Amgen shareholders are paid a 2.33% dividend. The Wall Street consensus price target for the stock is $190.56. Shares closed Friday at $172.96.

Celgene

This company is another top large cap pick the RBC team likes. Celgene Corp. (NASDAQ: CELG) has an outstanding partnered pipeline, which most think is low risk and has the potential to yield several blockbuster drugs. Certain Wall Street analysts also think the company can grow earnings 15% on a compounded annual growth rate basis going forward. Otezla, which treats psoriasis and psoriatic arthritis, had achieved considerable prescriptions among physicians, but the scripts have slowed after a solid launch, showing the importance for sales outside of the United States.

The company reported outstanding second-quarter results with revenues up 21% year over year. In addition, the company raised sales guidance to $11 billion on strong growth across most major products driven by 16% in demand and 6% in pricing. Upcoming catalysts include GED-0301 endoscopy study in Crohn’s disease with top-line results expected in September.

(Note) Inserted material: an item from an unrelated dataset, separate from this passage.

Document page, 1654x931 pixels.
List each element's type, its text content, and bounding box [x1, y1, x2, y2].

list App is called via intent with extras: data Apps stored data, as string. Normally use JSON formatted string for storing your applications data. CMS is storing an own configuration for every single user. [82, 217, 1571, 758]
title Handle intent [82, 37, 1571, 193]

Wall Street analysts have noted that the company has discussed at their recent conference the benefits of longer duration Revlimid. Celgene has a very compelling pipeline, and with four existing Phase 3 trial assets, that may add strong new drugs and revenue prior to the end of the decade.

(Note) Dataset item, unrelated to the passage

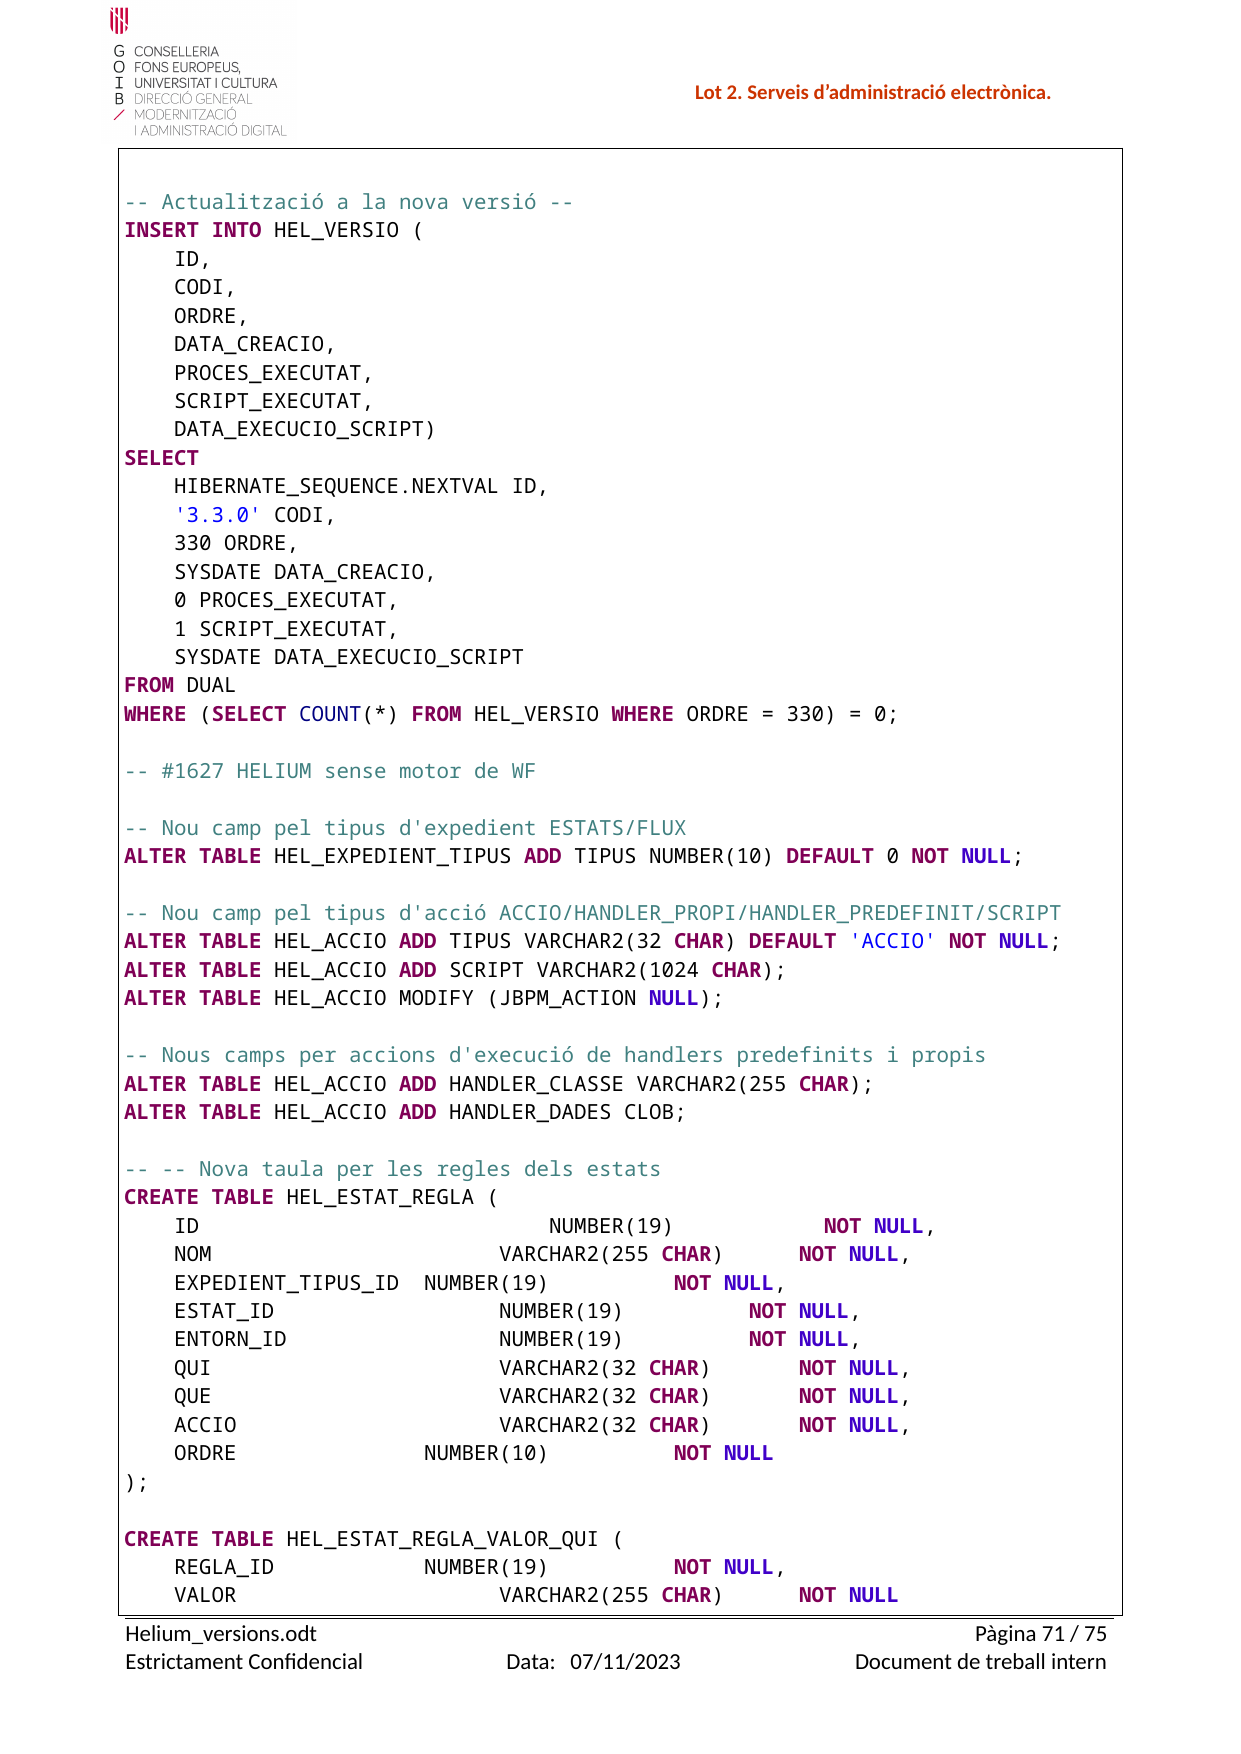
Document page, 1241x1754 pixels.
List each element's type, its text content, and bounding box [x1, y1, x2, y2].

table_header ﻿ -- Actualització a la nova versió -- INSERT INTO HEL_VERSIO ( ID, CODI, ORDRE, DATA_CREACIO, PROCES_EXECUTAT, SCRIPT_EXECUTAT, DATA_EXECUCIO_SCRIPT) SELECT HIBERNATE_SEQUENCE.NEXTVAL ID, '3.3.0' CODI, 330 ORDRE, SYSDATE DATA_CREACIO, 0 PROCES_EXECUTAT, 1 SCRIPT_EXECUTAT, SYSDATE DATA_EXECUCIO_SCRIPT FROM DUAL WHERE (SELECT COUNT(*) FROM HEL_VERSIO WHERE ORDRE = 330) = 0; -- #1627 HELIUM sense motor de WF -- Nou camp pel tipus d'expedient ESTATS/FLUX ALTER TABLE HEL_EXPEDIENT_TIPUS ADD TIPUS NUMBER(10) DEFAULT 0 NOT NULL; -- Nou camp pel tipus d'acció ACCIO/HANDLER_PROPI/HANDLER_PREDEFINIT/SCRIPT ALTER TABLE HEL_ACCIO ADD TIPUS VARCHAR2(32 CHAR) DEFAULT 'ACCIO' NOT NULL; ALTER TABLE HEL_ACCIO ADD SCRIPT VARCHAR2(1024 CHAR); ALTER TABLE HEL_ACCIO MODIFY (JBPM_ACTION NULL); -- Nous camps per accions d'execució de handlers predefinits i propis ALTER TABLE HEL_ACCIO ADD HANDLER_CLASSE VARCHAR2(255 CHAR); ALTER TABLE HEL_ACCIO ADD HANDLER_DADES CLOB; -- -- Nova taula per les regles dels estats CREATE TABLE HEL_ESTAT_REGLA ( ID NUMBER(19) NOT NULL, NOM VARCHAR2(255 CHAR) NOT NULL, EXPEDIENT_TIPUS_ID NUMBER(19) NOT NULL, ESTAT_ID NUMBER(19) NOT NULL, ENTORN_ID NUMBER(19) NOT NULL, QUI VARCHAR2(32 CHAR) NOT NULL, QUE VARCHAR2(32 CHAR) NOT NULL, ACCIO VARCHAR2(32 CHAR) NOT NULL, ORDRE NUMBER(10) NOT NULL ); CREATE TABLE HEL_ESTAT_REGLA_VALOR_QUI ( REGLA_ID NUMBER(19) NOT NULL, VALOR VARCHAR2(255 CHAR) NOT NULL [119, 149, 1122, 1615]
picture [100, 0, 297, 144]

The consensus price target for Celgene shares is $137.30. Those shares ended last week at $108.52.

Illumina

This is more of a life sciences play and may look better for more risk-averse investors. Illumina Inc. (NASDAQ: ILMN) provides sequencing and array-based solutions for genetic analysis. Its sequencing by synthesis technology provides researchers with various applications and the ability to sequence mammalian genomes. It also offers arrays for a range of DNA and RNA analysis applications, including single nucleotide polymorphism genotyping, copy number variations analysis, gene expression analysis and methylation analysis, as well as allowing for the detection of known genetic markers on a single array.

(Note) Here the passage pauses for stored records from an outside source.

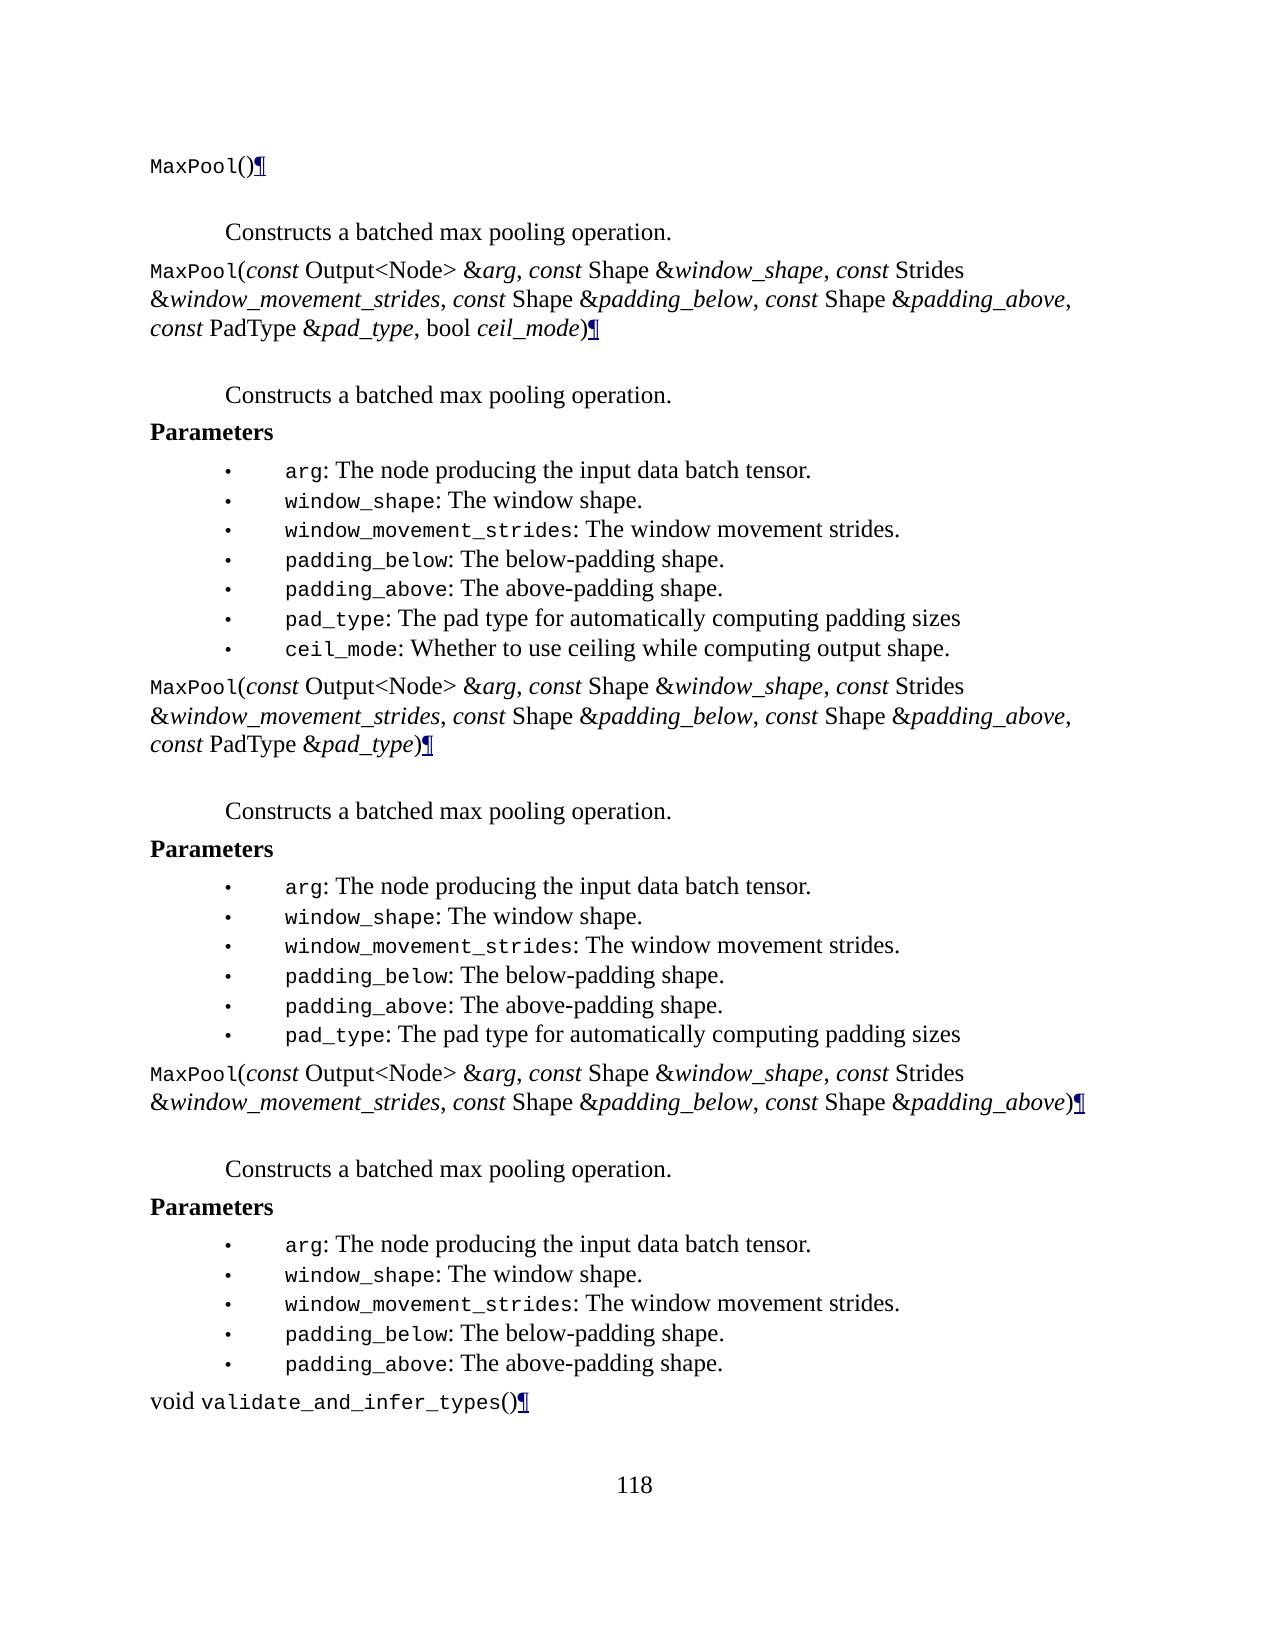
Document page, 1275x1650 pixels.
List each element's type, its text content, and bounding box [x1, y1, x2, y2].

list padding_above: The above-padding shape. [225, 1348, 1125, 1377]
list padding_above: The above-padding shape. [225, 573, 1125, 603]
list window_shape: The window shape. [225, 485, 1125, 514]
list window_shape: The window shape. [225, 901, 1125, 931]
text Parameters [150, 834, 1125, 862]
list arg: The node producing the input data batch tensor. [225, 455, 1125, 485]
list padding_below: The below-padding shape. [225, 960, 1125, 990]
text MaxPool(const Output<Node> &arg, const Shape &window_shape, const Strides &window_movement_strides, const Shape &padding_below, const Shape &padding_above, const PadType &pad_type, bool ceil_mode)¶ [150, 255, 1125, 371]
text Constructs a batched max pooling operation. [225, 217, 1125, 246]
list ceil_mode: Whether to use ceiling while computing output shape. [225, 633, 1125, 662]
list arg: The node producing the input data batch tensor. [225, 871, 1125, 901]
list pad_type: The pad type for automatically computing padding sizes [225, 603, 1125, 633]
text Parameters [150, 1192, 1125, 1220]
list padding_below: The below-padding shape. [225, 544, 1125, 573]
list padding_above: The above-padding shape. [225, 990, 1125, 1019]
list window_movement_strides: The window movement strides. [225, 1288, 1125, 1318]
list pad_type: The pad type for automatically computing padding sizes [225, 1019, 1125, 1049]
text Constructs a batched max pooling operation. [225, 380, 1125, 408]
text MaxPool()¶ [150, 150, 1125, 208]
list window_movement_strides: The window movement strides. [225, 514, 1125, 544]
text Parameters [150, 417, 1125, 446]
text MaxPool(const Output<Node> &arg, const Shape &window_shape, const Strides &window_movement_strides, const Shape &padding_below, const Shape &padding_above, const PadType &pad_type)¶ [150, 671, 1125, 787]
list arg: The node producing the input data batch tensor. [225, 1229, 1125, 1259]
text Constructs a batched max pooling operation. [225, 796, 1125, 825]
list window_movement_strides: The window movement strides. [225, 931, 1125, 960]
list padding_below: The below-padding shape. [225, 1318, 1125, 1348]
text void validate_and_infer_types()¶ [150, 1386, 1125, 1416]
list window_shape: The window shape. [225, 1259, 1125, 1288]
text MaxPool(const Output<Node> &arg, const Shape &window_shape, const Strides &window_movement_strides, const Shape &padding_below, const Shape &padding_above)¶ [150, 1058, 1125, 1145]
text Constructs a batched max pooling operation. [225, 1154, 1125, 1183]

The company also provides various library preparation and sequencing kits to simplify workflows and accelerate analysis, as well as genome sequencing, genotyping and non-invasive prenatal testing services. It serves genomic research centers, academic institutions, government laboratories and hospitals, as well as pharmaceutical, biotechnology, agrigenomics, commercial molecular diagnostic laboratories and consumer genomics companies.

Surprisingly, the consensus price target is set at $154.67, and the shares closed Friday way above that at $172.97.

Regeneron Pharmaceuticals

This stock remains one of the favorites among portfolio managers and is another top large cap stock to buy on Wall Street. Regeneron Pharmaceuticals Inc. (NASDAQ: REGN) has been a performance monster over the past two years, and most Wall Street firms expect it to stay one. The company is focused on the development of therapeutic human antibodies for the treatment of eye disorders, hypercholesterolemia, cancer, inflammation and other diseases.

Regeneron’s product sales are driven principally by its VEGF inhibitor Eylea, which is approved for use in wet age-related macular degeneration and diabetic macular edema, and by Praluent for the treatment of hypercholesterolemia.

The company reported a better-than-expected quarterly profit, as U.S. sales of its flagship eye drug Eylea rose 27%. Eylea generated U.S. sales of $831 million in the quarter, topping the consensus estimate of $812 million. Sales are expected to continue a solid upward trend.

Shares closed Friday at $408.63, offering room to run to the consensus price target of $467.45.

These stocks are cheap relative to the S&P 500, and history says they won’t stay that way forever. In fact, the current consensus four-year growth expectations for the large cap biotechs has dipped since 2012 and is currently at the lowest level since 2010. In other words, cheap and somewhat ignored.